Tunjuk Sandiaga Uno, Prabowo Dinilai Lebih Pilih Jaminan Biaya Kampanye

Tunjuk Sandiaga Uno Prabowo Dinilai Lebih Pilih Jaminan Biaya Kampanye Prabowo Subianto dan Sandiaga Uno (Foto: Antara)

Covesia.com - Tak hanya Jokowi, Prabowo Subianto juga mengumumkan nama Cawapres yang akan mendampinginya di Pilpres 2019. Prabowo menyebutkan Wakil Gubernur DKI Jakarta, Sandiaga Uno akan mendampinginya berlaga di Pilpres 2019.

Nama Sandiaga tiba-tiba muncul sehari kemarin, Kamis (9/8/2018) detik-detik sebelum Prabowo mengumumkan pendampingnya. Sandiaga merupakan nama baru diluar sejumlah nama beken yang digadang-gadang akan mendampingi Prabowo di Pilpres mulai dari Komandan Kogasma Partai Demokrat Agus Harimurti Yudhoyono, Ketua Majelis Syuro PKS Salim Segaf Al Jufri, Ustaz Abdul Somad dan Gubernur DKI Jakarta Anies Baswedan.

Sontak terpilihnya Sandiaga menjadi tanda tanya publik. Tak hanya itu, adanya mahar politik yang diberikan Sandiaga terhadap sejumlah parpol juga menghiasi pemberitaan.

Pengamat Politik Universitas Andalas (Unand) Padang Sumatera Barat, Edi Indrizal menilai perlu adanya jaminan pembiayaan logistik kampanye menjadi pertimbangan Prabowo untuk menjatuhkan pilihan terhadap Sandiaga Uno

Baca: Pengamat: Jokowi Pilih Ma'ruf Amin untuk Cegah Poros Ketiga

"Prabowo pertimbangan akhirnya lebih kepada pertimbangan perlunya jaminan pembiayaan logistik kampanye dan saksi," ungkap Koordinator Lembaga Survey Indonesia (LSI) Wilayah III ini kepada Covesia, Jumat (10/8/2018).

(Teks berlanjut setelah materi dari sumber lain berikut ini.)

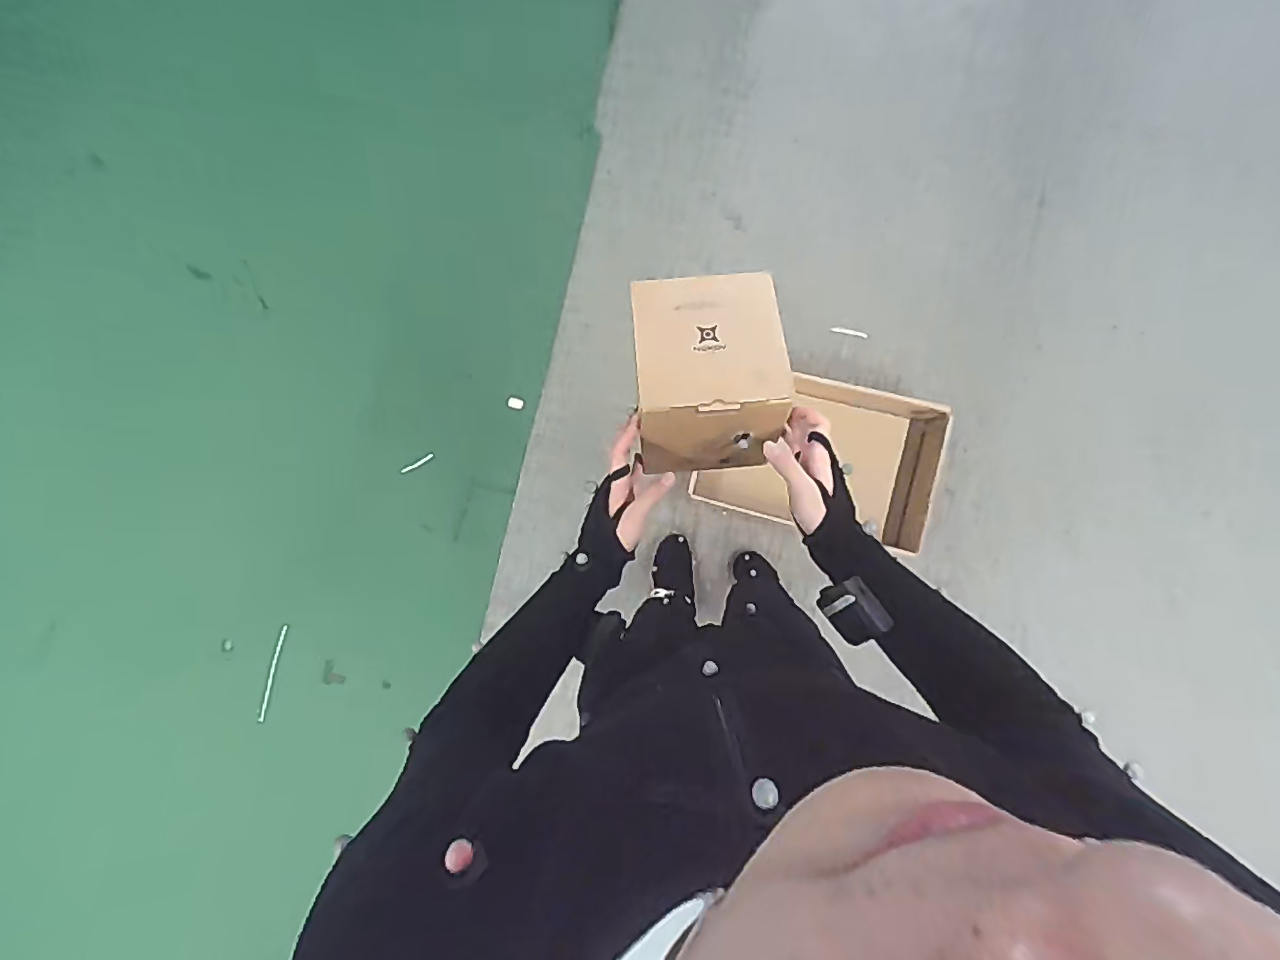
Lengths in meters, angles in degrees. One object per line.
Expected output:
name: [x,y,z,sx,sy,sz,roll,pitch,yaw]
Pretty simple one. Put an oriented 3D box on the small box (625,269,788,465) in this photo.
small box: [0.071,-0.126,0.659,0.168,0.176,0.179,-4,67,0]
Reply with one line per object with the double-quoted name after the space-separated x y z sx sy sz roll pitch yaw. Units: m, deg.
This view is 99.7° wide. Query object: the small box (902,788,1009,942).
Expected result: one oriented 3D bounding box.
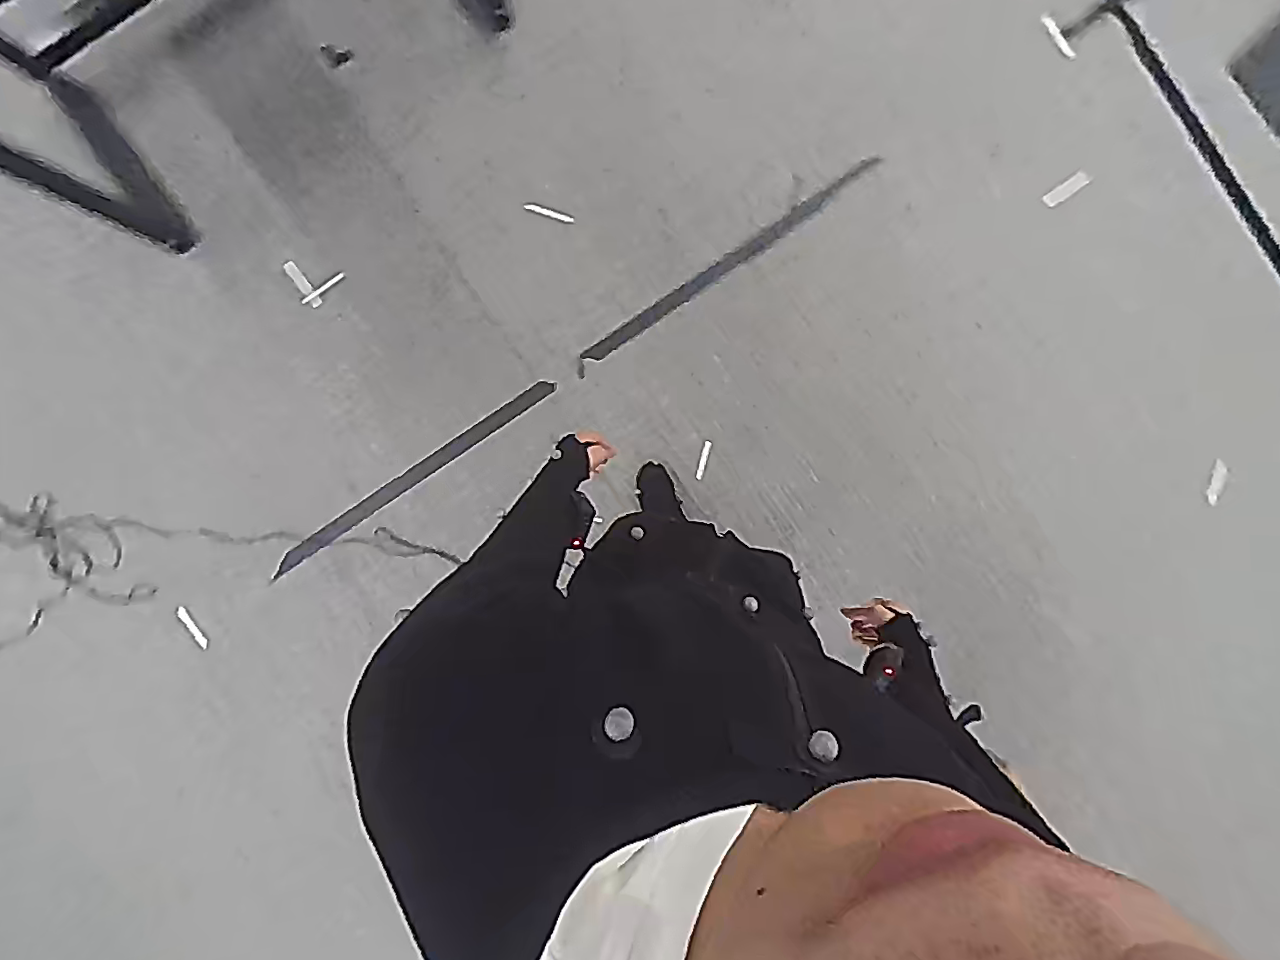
0.710 0.830 1.184 0.179 0.176 0.168 -39 94 -1 "small box"
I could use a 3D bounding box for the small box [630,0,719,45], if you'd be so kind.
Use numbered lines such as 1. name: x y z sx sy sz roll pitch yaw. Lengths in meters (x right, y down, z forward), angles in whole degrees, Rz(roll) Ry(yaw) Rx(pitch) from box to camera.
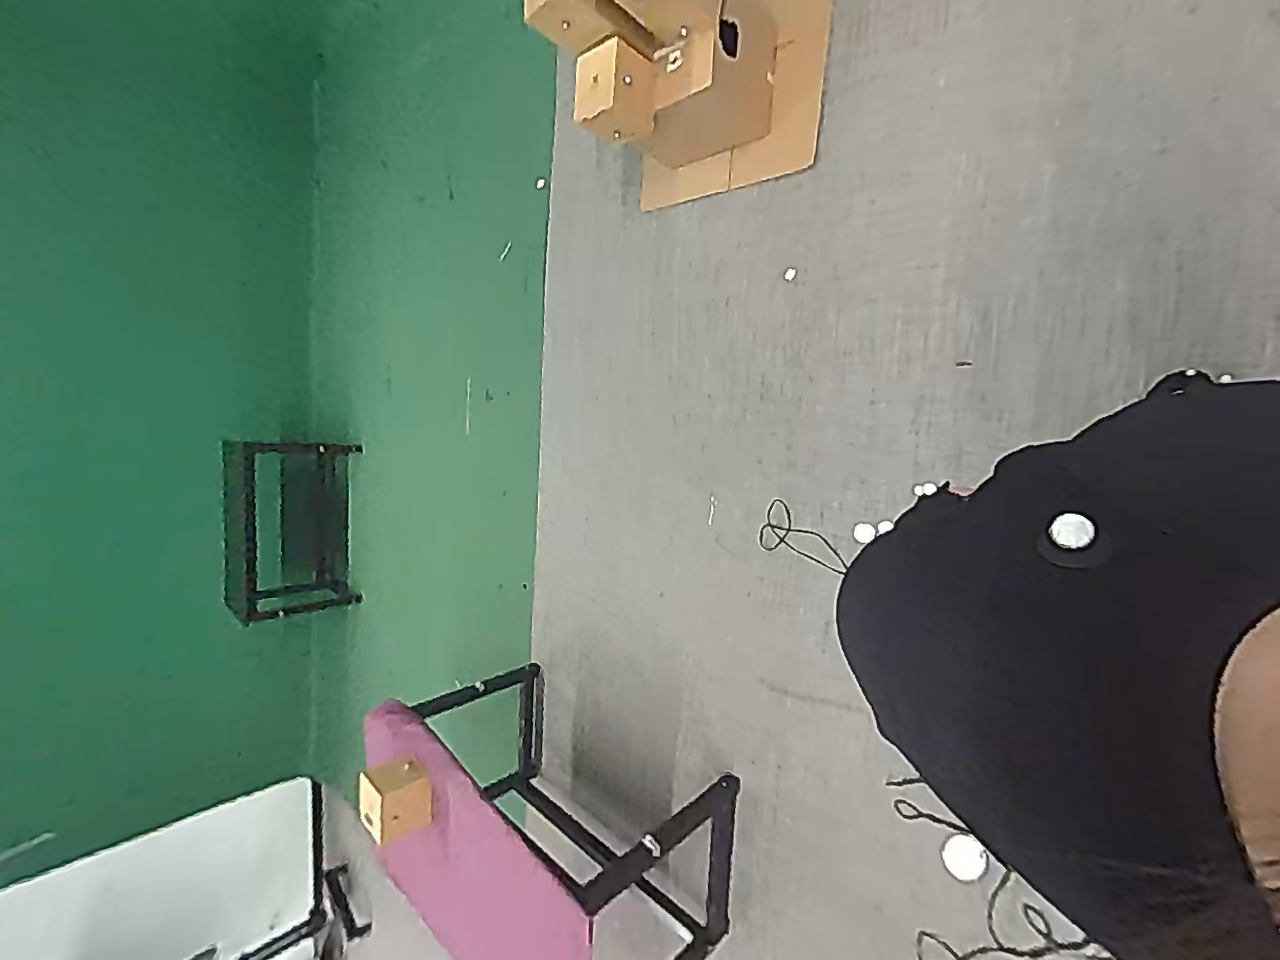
1. small box: 0.098 -1.280 1.393 0.179 0.176 0.168 15 102 44

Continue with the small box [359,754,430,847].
1. small box: -0.814 1.053 1.793 0.168 0.176 0.179 9 98 42

Menurut Edi, memang pilihan Prabowo terhadap Sandiaga lebih menimbulkan kekecewan dibandingkan Jokowi yang akhirnya tidak memilih Mahfud MD.

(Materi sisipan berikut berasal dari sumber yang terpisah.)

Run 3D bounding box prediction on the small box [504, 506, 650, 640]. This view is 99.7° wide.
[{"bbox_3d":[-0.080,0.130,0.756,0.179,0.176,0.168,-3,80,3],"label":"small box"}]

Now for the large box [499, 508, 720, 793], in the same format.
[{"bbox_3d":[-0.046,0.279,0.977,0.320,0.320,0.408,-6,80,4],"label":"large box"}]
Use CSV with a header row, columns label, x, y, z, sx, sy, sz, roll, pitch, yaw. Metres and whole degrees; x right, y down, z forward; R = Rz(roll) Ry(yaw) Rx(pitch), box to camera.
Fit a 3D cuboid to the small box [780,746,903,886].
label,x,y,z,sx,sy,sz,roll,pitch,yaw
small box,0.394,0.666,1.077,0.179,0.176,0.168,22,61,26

"Namun ini biasa saja. Tentu ada yang kecewa," tambahnya.

Ketika Covesia.com tanyai mengenai pesan Whatsapp yang beredar mengenai alasan Prabowo tidak memilih golongan ulama, menurutnya jika memang harus mempertimbangkan ijtima ulama sejak awal Prabowo bisa lebih dahulu memutuskan tampa harus tunggu Jokowi.

"Bisa saja saya mengambil ulama.. Tapi saya tahu disana sudah ada Ayahanda K.H. Ma'aruf Amin.. Jadi lebih baik saya tidak maju jika umat Islam harus terbelah. Bukan saya tidak menghormati Ijtima.. Tapi saya ingin Indonesia Bersatu,"(Prabowo Subianto, 9/8/2018) begitu pesan Whasaap yang beredar.

"Dalam politik itu namanya panggung depan. Tapi panggung belakangnya bisa berbeda. Jika memang harus pertimbangkan ijtima ulama sejak awal Prabowo bisa lebih duluan memutuskan. Tidak harus tunggu dulu Jokowi," ungkap Edi.